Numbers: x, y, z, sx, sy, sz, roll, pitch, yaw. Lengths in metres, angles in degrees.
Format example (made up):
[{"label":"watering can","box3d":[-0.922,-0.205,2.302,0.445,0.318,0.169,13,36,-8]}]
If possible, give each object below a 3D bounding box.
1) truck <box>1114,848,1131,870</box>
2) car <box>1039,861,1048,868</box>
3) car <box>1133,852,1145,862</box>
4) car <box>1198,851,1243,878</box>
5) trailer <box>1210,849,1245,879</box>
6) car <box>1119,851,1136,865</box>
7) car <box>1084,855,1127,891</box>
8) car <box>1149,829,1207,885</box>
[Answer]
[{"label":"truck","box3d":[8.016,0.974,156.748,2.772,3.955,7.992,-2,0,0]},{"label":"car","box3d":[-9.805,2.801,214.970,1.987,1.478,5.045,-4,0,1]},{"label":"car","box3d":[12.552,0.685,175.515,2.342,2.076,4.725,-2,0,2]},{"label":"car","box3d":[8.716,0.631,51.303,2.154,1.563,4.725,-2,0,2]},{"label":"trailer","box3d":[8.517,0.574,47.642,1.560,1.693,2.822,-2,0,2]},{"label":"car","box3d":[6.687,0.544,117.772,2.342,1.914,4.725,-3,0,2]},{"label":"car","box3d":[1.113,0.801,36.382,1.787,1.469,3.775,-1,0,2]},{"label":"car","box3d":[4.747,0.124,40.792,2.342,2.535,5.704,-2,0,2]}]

------------------------------

WORK ORDER: Retype the records above from the very first line down to the line with "8) car <box>1149,829,1207,885</box>", keeping both of those lines. Include nothing beyond them.

SOLUTION TO THIS TASK:
Numbers: x, y, z, sx, sy, sz, roll, pitch, yaw. Lengths in metres, angles in degrees.
Format example (made up):
[{"label":"watering can","box3d":[-0.922,-0.205,2.302,0.445,0.318,0.169,13,36,-8]}]
If possible, give each object below a 3D bounding box.
1) truck <box>1114,848,1131,870</box>
2) car <box>1039,861,1048,868</box>
3) car <box>1133,852,1145,862</box>
4) car <box>1198,851,1243,878</box>
5) trailer <box>1210,849,1245,879</box>
6) car <box>1119,851,1136,865</box>
7) car <box>1084,855,1127,891</box>
8) car <box>1149,829,1207,885</box>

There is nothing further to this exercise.